---- Supplied entries

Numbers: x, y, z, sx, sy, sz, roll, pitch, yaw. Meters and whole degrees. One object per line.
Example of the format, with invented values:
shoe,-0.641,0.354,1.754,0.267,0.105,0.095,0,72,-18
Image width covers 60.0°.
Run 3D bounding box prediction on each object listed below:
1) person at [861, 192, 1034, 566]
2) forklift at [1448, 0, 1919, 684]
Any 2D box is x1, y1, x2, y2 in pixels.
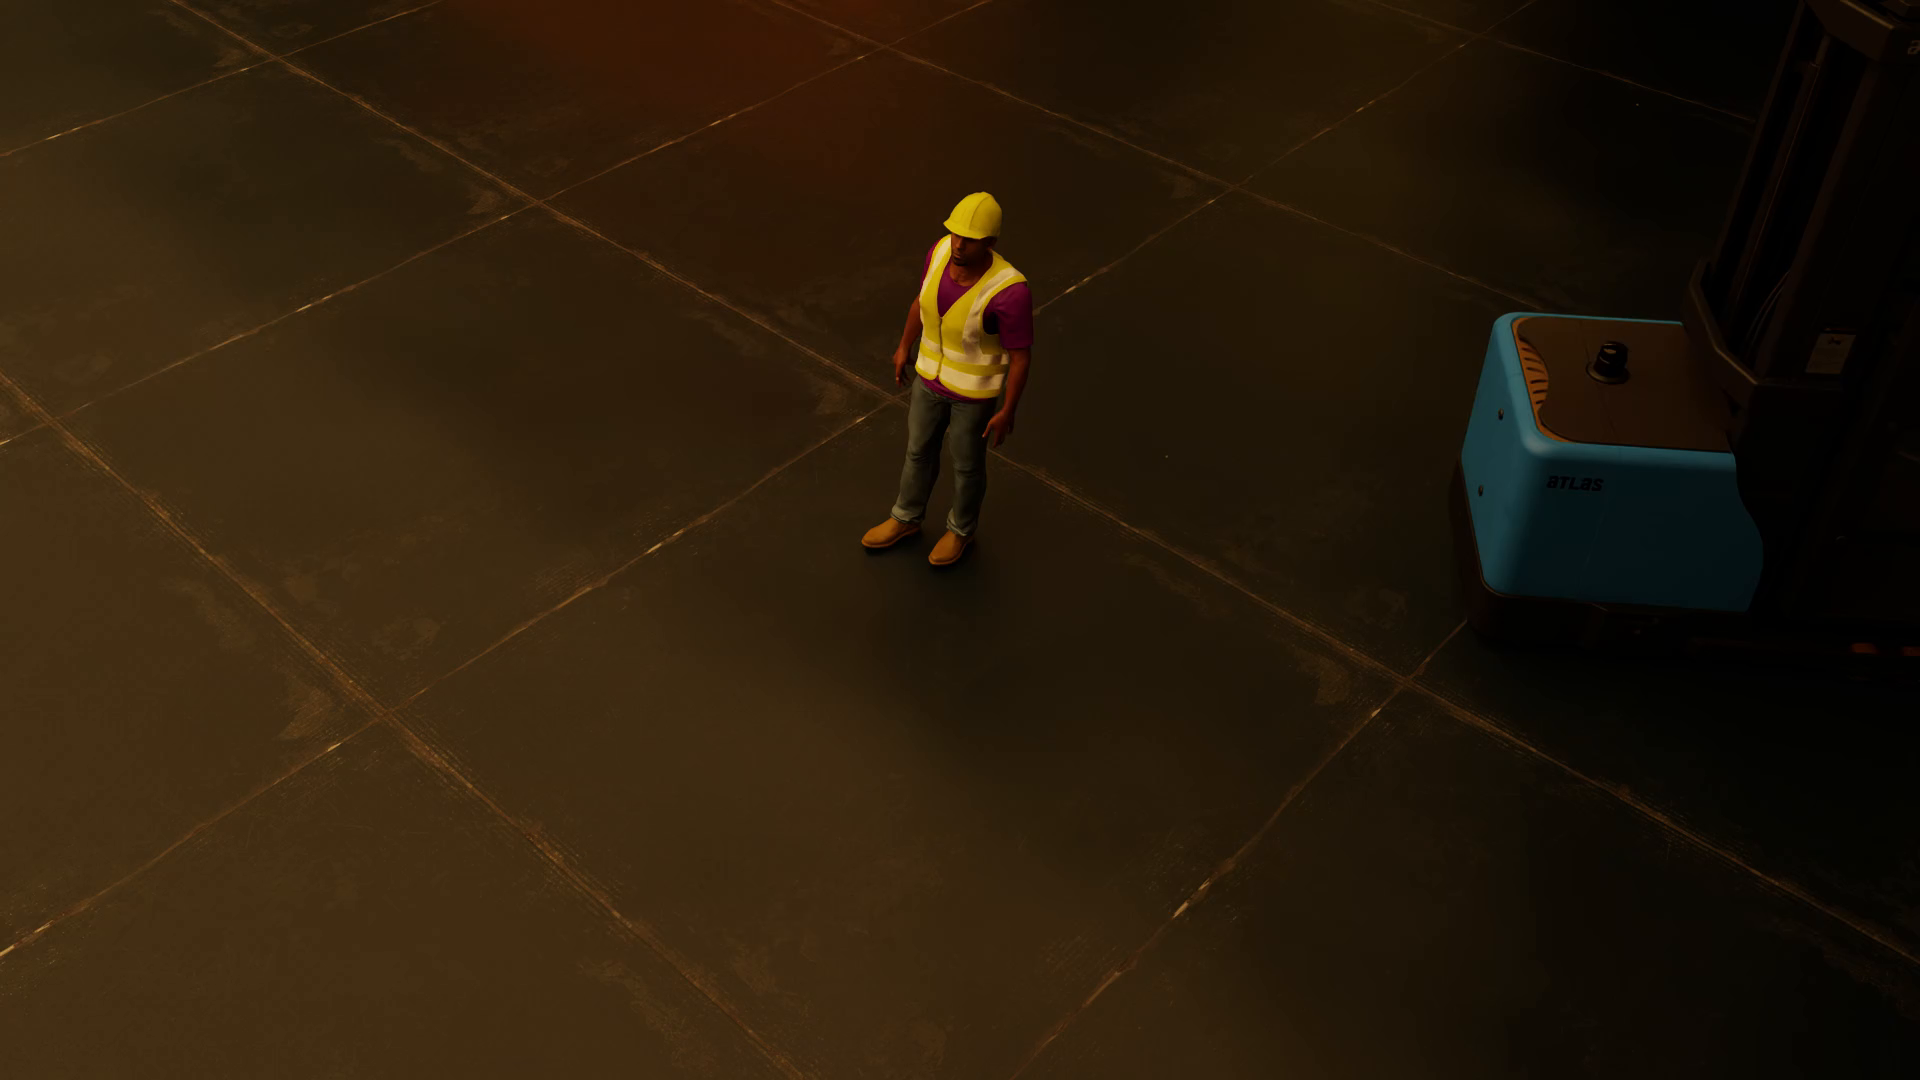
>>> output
person,-0.051,-0.645,7.064,0.666,1.765,0.577,31,49,31
forklift,3.748,-0.875,6.448,3.031,2.935,1.130,4,41,5

--------

§ Work task:
Pictures excluded, copy exactly the lines running from the one with "Example of the" through the last line of the material.

§ Written answer:
Example of the format, with invented values:
shoe,-0.641,0.354,1.754,0.267,0.105,0.095,0,72,-18
Image width covers 60.0°.
Run 3D bounding box prediction on each object listed below:
1) person at [861, 192, 1034, 566]
2) forklift at [1448, 0, 1919, 684]
Any 2D box is x1, y1, x2, y2 in pixels.
>>> output
person,-0.051,-0.645,7.064,0.666,1.765,0.577,31,49,31
forklift,3.748,-0.875,6.448,3.031,2.935,1.130,4,41,5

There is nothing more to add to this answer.